[Opening Information given section]

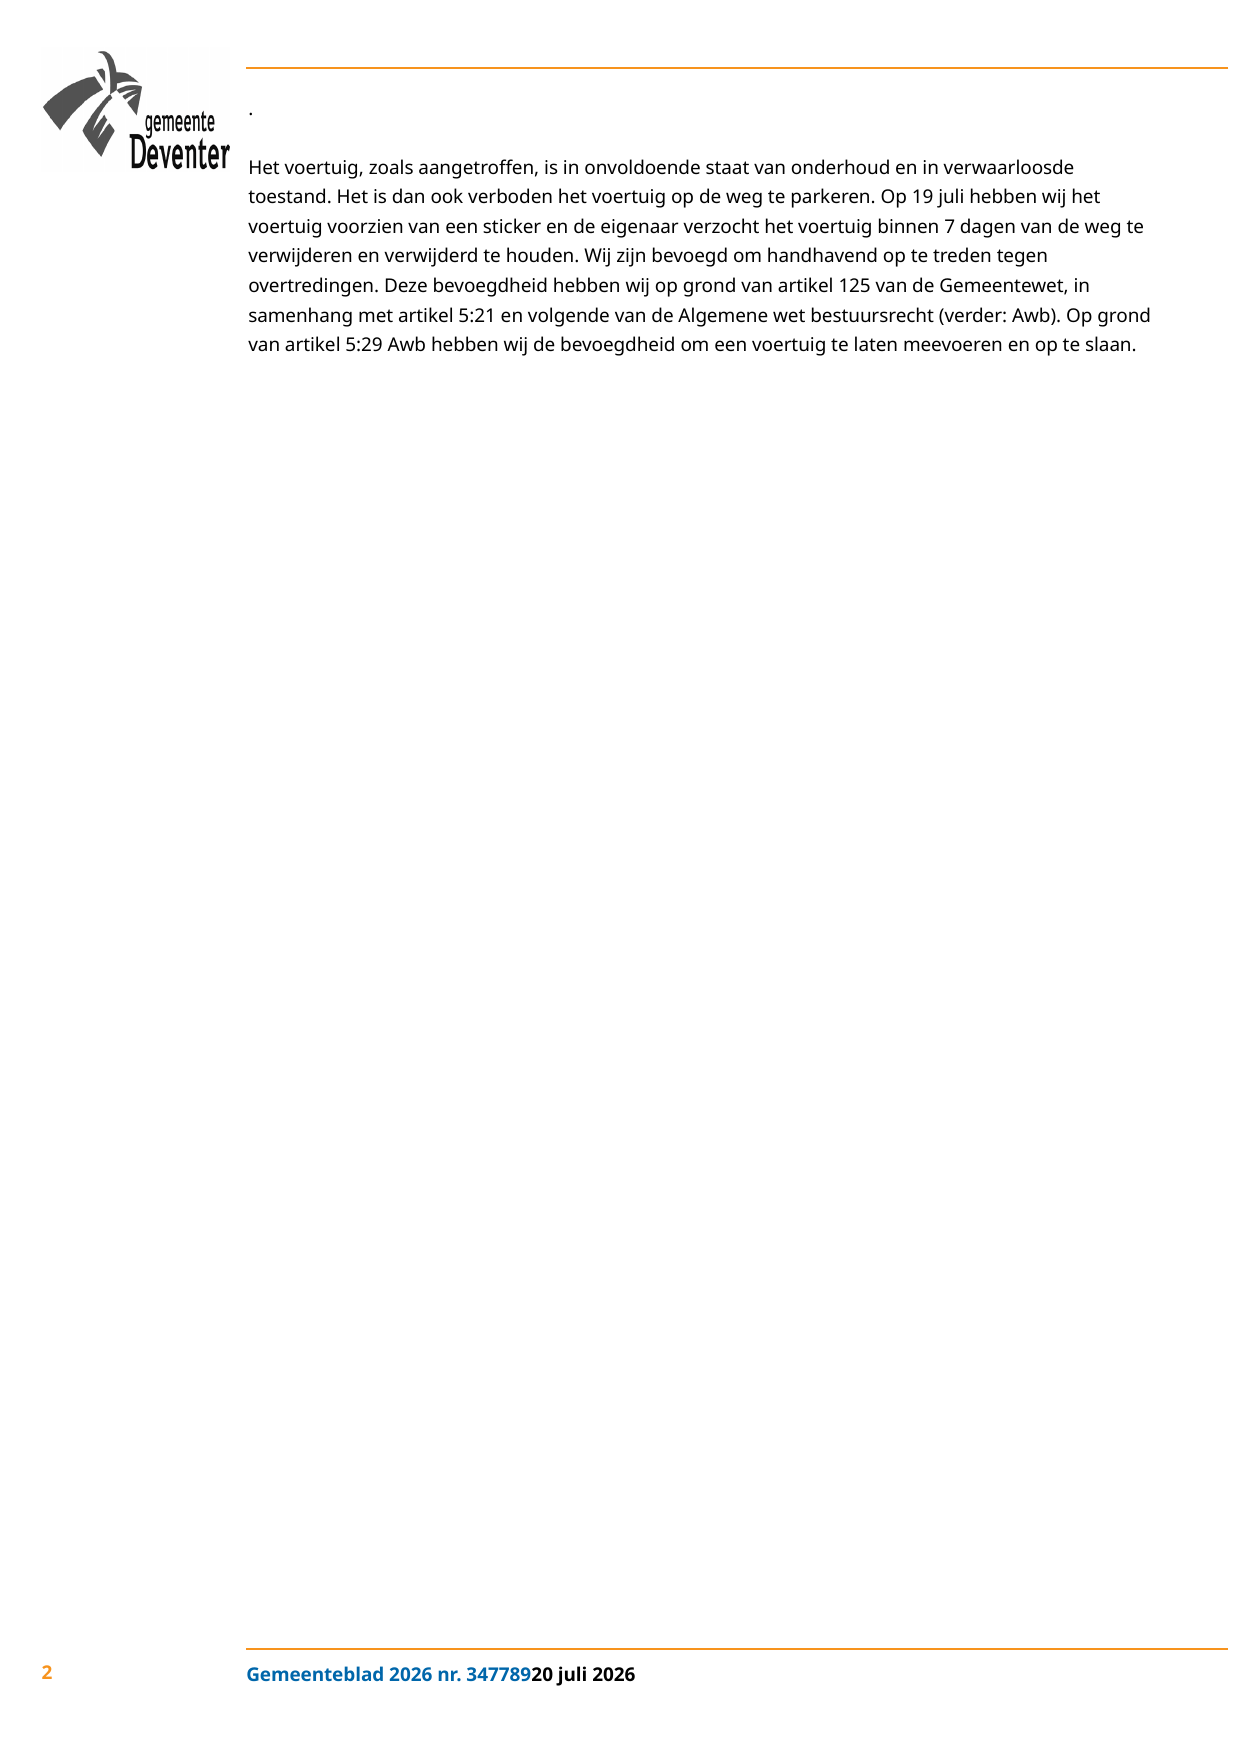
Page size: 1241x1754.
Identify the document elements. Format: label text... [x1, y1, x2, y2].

picture [41, 47, 231, 172]
text . [248, 95, 1152, 121]
text Het voertuig, zoals aangetroffen, is in onvoldoende staat van onderhoud en in verwaarloosde toestand. Het is dan ook verboden het voertuig op de weg te parkeren. Op 19 juli hebben wij het voertuig voorzien van een sticker en de eigenaar verzocht het voertuig binnen 7 dagen van de weg te verwijderen en verwijderd te houden. Wij zijn bevoegd om handhavend op te treden tegen overtredingen. Deze bevoegdheid hebben wij op grond van artikel 125 van de Gemeentewet, in samenhang met artikel 5:21 en volgende van de Algemene wet bestuursrecht (verder: Awb). Op grond van artikel 5:29 Awb hebben wij de bevoegdheid om een voertuig te laten meevoeren en op te slaan. [248, 154, 1152, 357]

[Closing Information given section]

Assigned task
Images are to be skipped, and each line above is to be returned exactly.

Exercise result
Page size: 1241x1754.
Identify the document elements. Format: label text... [x1, y1, x2, y2].

picture [41, 47, 231, 172]
text . [248, 95, 1152, 121]
text Het voertuig, zoals aangetroffen, is in onvoldoende staat van onderhoud en in verwaarloosde toestand. Het is dan ook verboden het voertuig op de weg te parkeren. Op 19 juli hebben wij het voertuig voorzien van een sticker en de eigenaar verzocht het voertuig binnen 7 dagen van de weg te verwijderen en verwijderd te houden. Wij zijn bevoegd om handhavend op te treden tegen overtredingen. Deze bevoegdheid hebben wij op grond van artikel 125 van de Gemeentewet, in samenhang met artikel 5:21 en volgende van de Algemene wet bestuursrecht (verder: Awb). Op grond van artikel 5:29 Awb hebben wij de bevoegdheid om een voertuig te laten meevoeren en op te slaan. [248, 154, 1152, 357]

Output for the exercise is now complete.